In the passenger seat, his mother Anna had a gleaming double-barreled shotgun lying across her lap, and clutched a faded black-and-white photograph tightly in her hand.
"Mom, there are people ahead."
George slammed on the brakes.
The heavy truck made a screeching sound as its massive inertia caused the vehicle to lurch violently before coming to a stop.
Behind the roadblock ahead, two rows of National Guard soldiers in khaki uniforms and M1 helmets stood with their guns pointed directly at the convoy, which was composed of anger itself.
A lieutenant stood on the hood of a jeep, holding a megaphone.
"Listen up, citizens! By special order from the governor... this is the final warning!"

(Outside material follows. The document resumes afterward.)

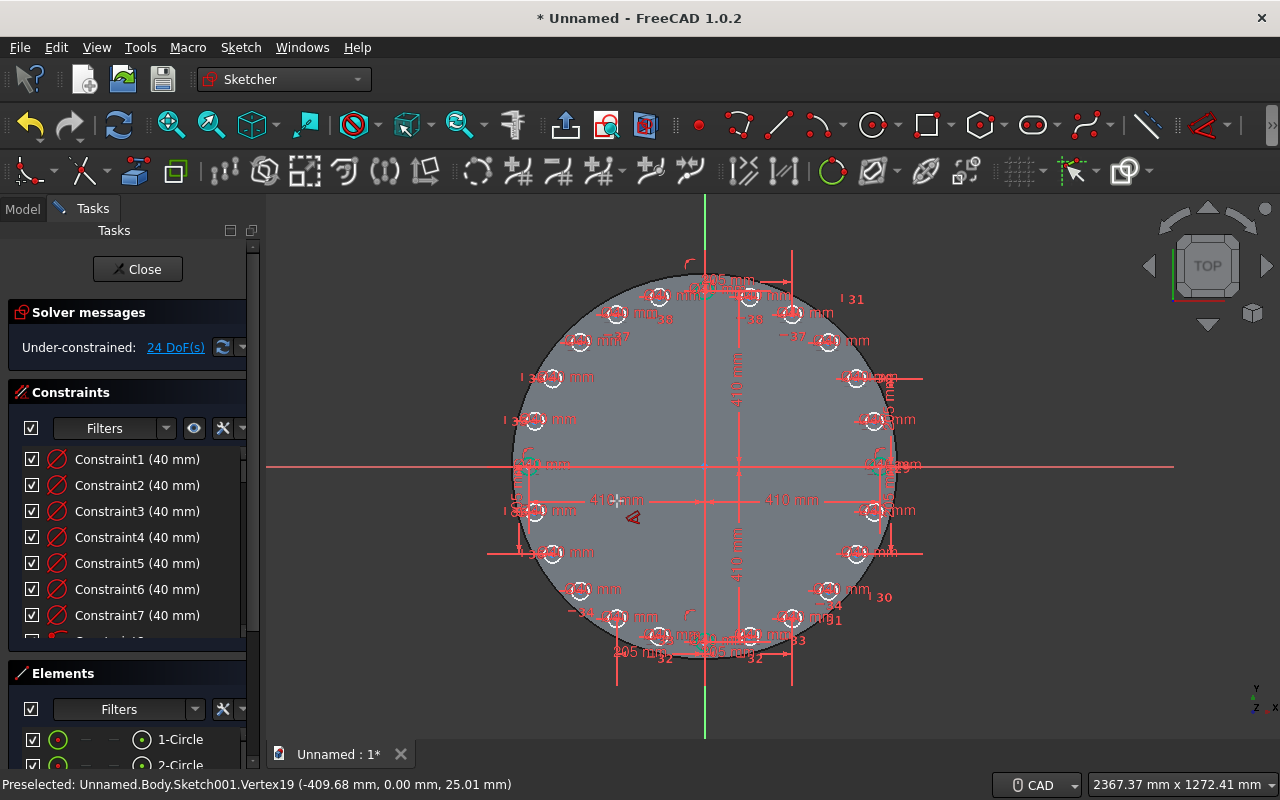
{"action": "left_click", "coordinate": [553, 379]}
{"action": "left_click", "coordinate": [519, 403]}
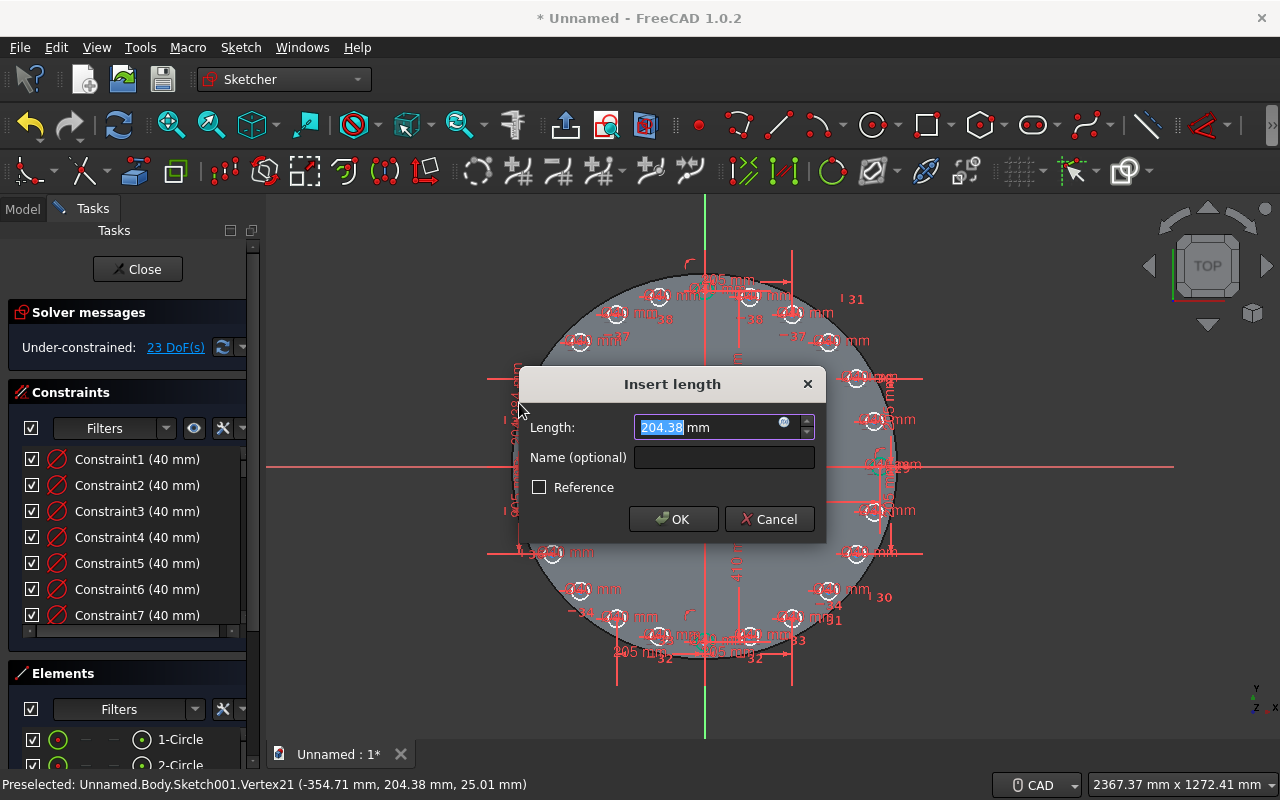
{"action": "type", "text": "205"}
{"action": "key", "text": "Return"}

"Turn back immediately! Any attempt to force your way through will be considered rebellion! We will have no choice but to...no choice but to open fire!"
The lieutenant's voice was trembling.
He could clearly see, through the windshield of the Dodge truck, the old woman who looked as kind as his grandmother yet as cold and hard as stone, staring at him with the kind of look one would give a dead man.
Anna pushed open the car door, her ill-fitting old leather boots stepping onto the slippery pavement.
She didn't say anything, but just held the gun and walked step by step toward the roadblock.
George jumped out of the car and followed behind, carrying a heavy pickaxe.
Then came the third person, the fourth person...
Hundreds of miners got off the truck and silently followed behind the old woman.
Their boots sank into the puddles, making a heavy sound like a brewing earthquake.
"Stop...stop! Don't come any closer!"
The lieutenant nearly dropped the megaphone in his hand.
The machine gunner next to him already had his finger on the trigger. He was a greenhorn, not yet twenty years old, his face covered in cold sweat, his eyes darting frantically between the scope and his superior.
Anna walked to within five meters of the roadblock.
She stopped, looked up, and her wrinkled face remained expressionless.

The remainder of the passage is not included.